3. **Performance Benefits**
   - 100-1000× speedup vs sequential scanning
   - Constant memory usage
   - Essential for large-scale genomics

In [None]:
import biometal
import tempfile
import os
import struct

## Part 1: FAI - FASTA Indexing

FAI enables O(1) random access to any sequence in a FASTA file without loading the entire file into memory.

In [None]:
# Create a sample FASTA file
fasta_data = """##chr1 Human chromosome 1
ACGTACGTACGTACGTACGTACGTACGTACGTACGTACGTACGTACGTACGTACGTACGT
TGCATGCATGCATGCATGCATGCATGCATGCATGCATGCATGCATGCATGCATGCATGCA
>chr2 Human chromosome 2
GGGGCCCCAAAATTTTGGGGCCCCAAAATTTTGGGGCCCCAAAATTTTGGGGCCCCAAAA
TTTTGGGGCCCCAAAATTTTGGGGCCCCAAAATTTTGGGGCCCCAAAATTTTGGGGCCCC
>chrM Mitochondrial DNA
ATCGATCGATCGATCGATCGATCG
"""

# Write to temporary file
with tempfile.NamedTemporaryFile(mode='w', suffix='.fa', delete=False) as f:
    fasta_path = f.name
    f.write(fasta_data)

print(f"Created FASTA file: {fasta_path}")

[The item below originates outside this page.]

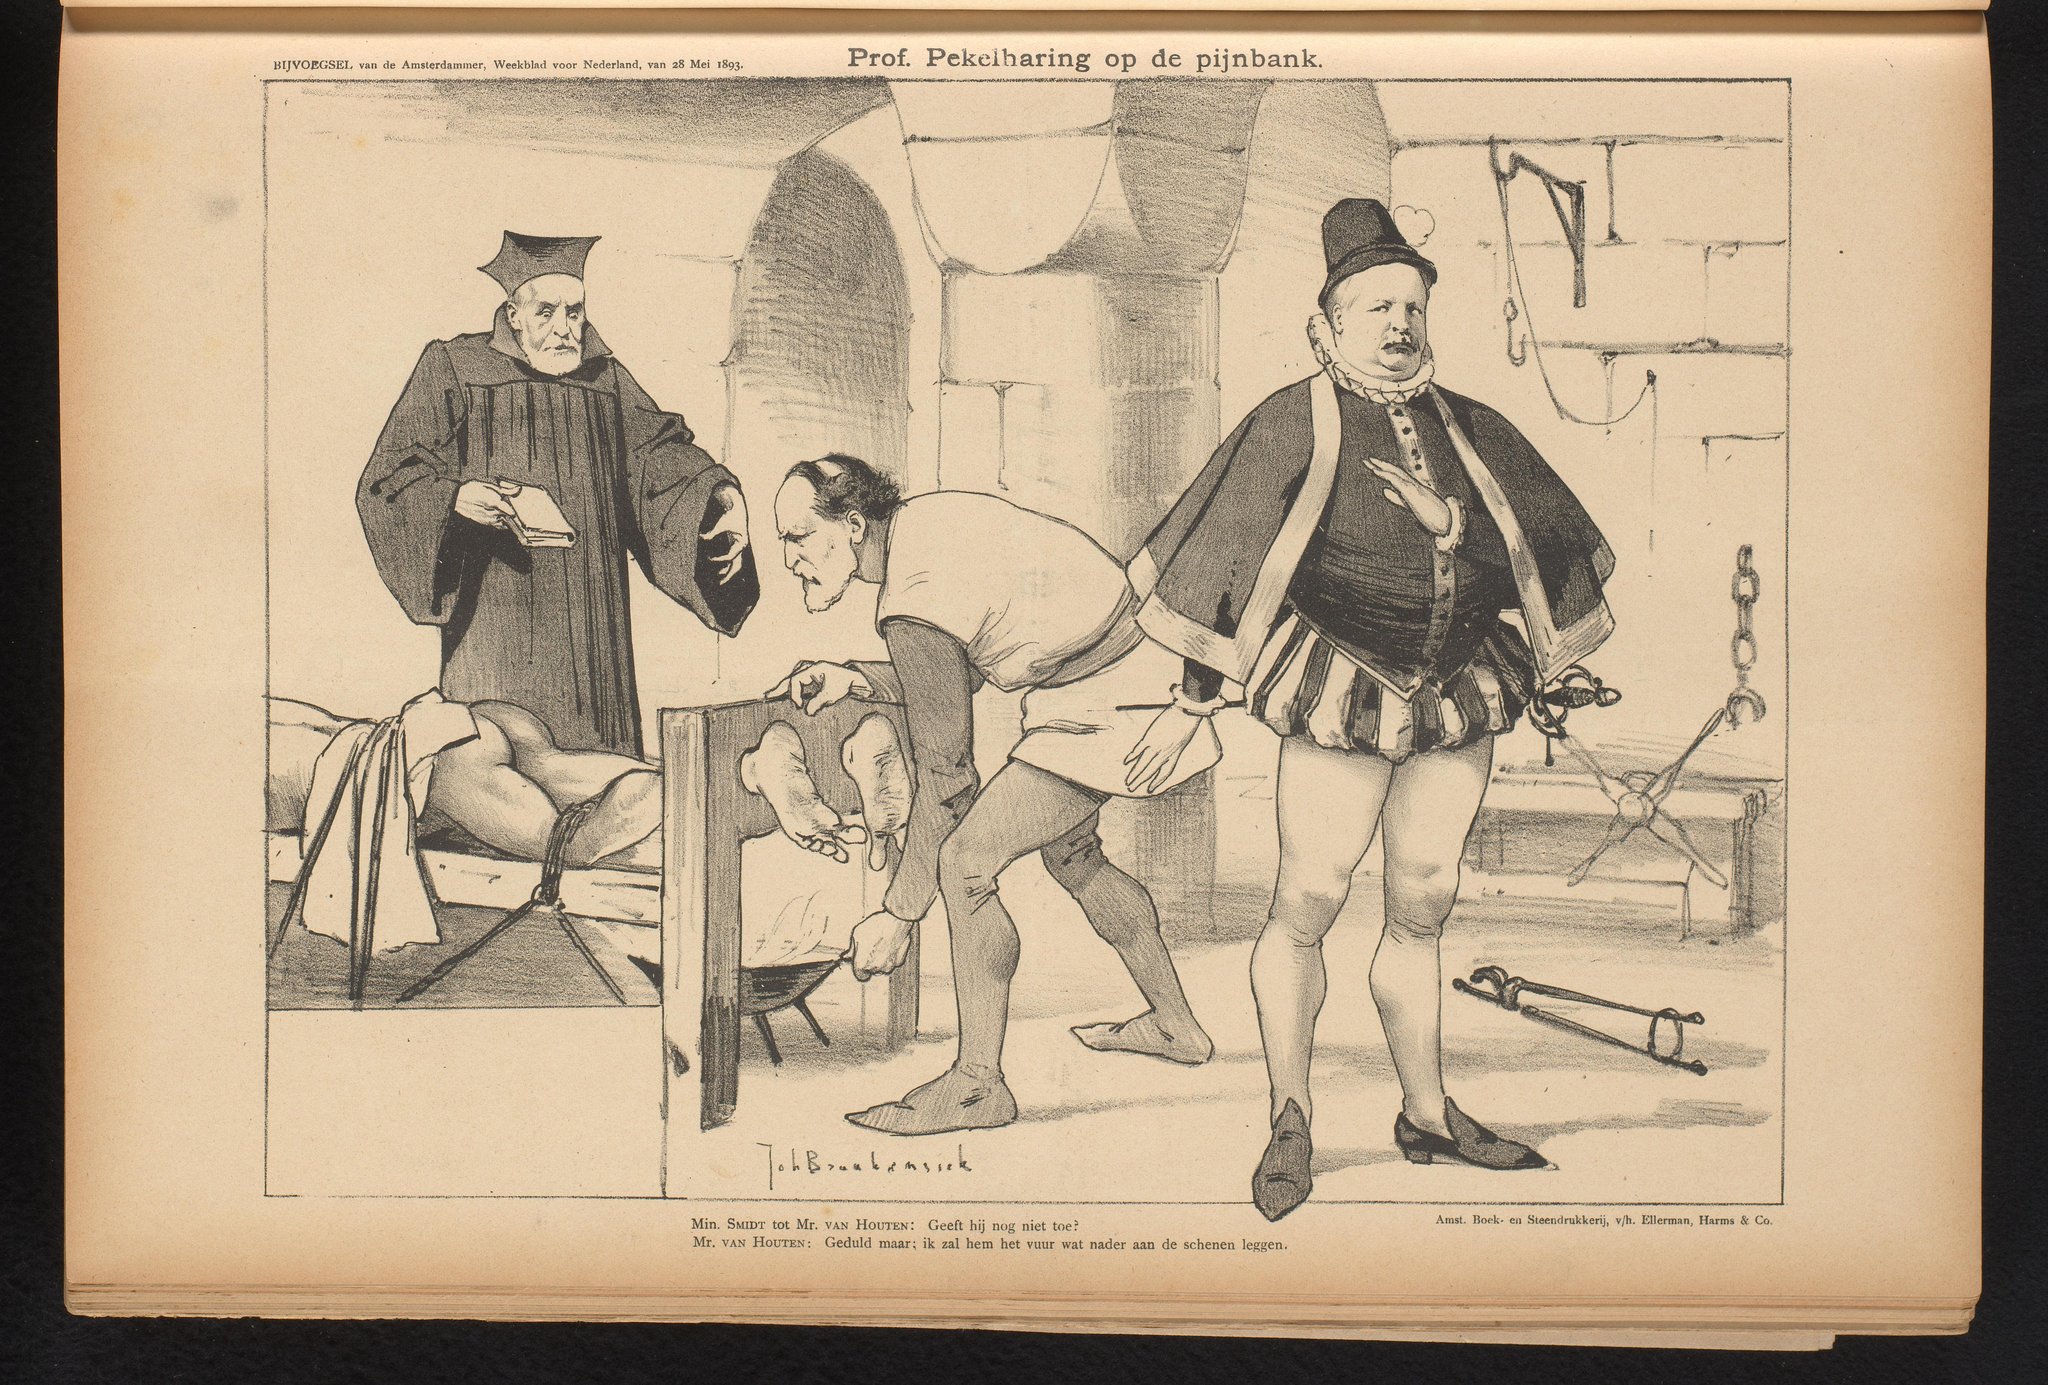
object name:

### Step 1: Build the Index

In [None]:
# Build FAI index from FASTA file
fai_index = biometal.FaiIndex.build(fasta_path)
print(f"Built index with {len(fai_index)} sequences")
print(f"Sequence names: {fai_index.sequence_names()}")

### Step 2: Save and Load Index

In [None]:
# Save index to file
fai_path = fasta_path + ".fai"
fai_index.write(fai_path)
print(f"Saved index to: {fai_path}")

# Load index from file (fast: <1ms)
loaded_index = biometal.FaiIndex.from_path(fai_path)
print(f"Loaded index: {len(loaded_index)} sequences")

### Step 3: Query Sequence Metadata

In [None]:
# Get info for each sequence
for seq_name in loaded_index.sequence_names():
    info = loaded_index.get_info(seq_name)
    print(f"{seq_name}:")
    print(f"  Length: {info['length']} bp")
    print(f"  Offset: {info['offset']} bytes")
    print(f"  Line bases: {info['line_bases']}")
    print(f"  Line width: {info['line_width']}")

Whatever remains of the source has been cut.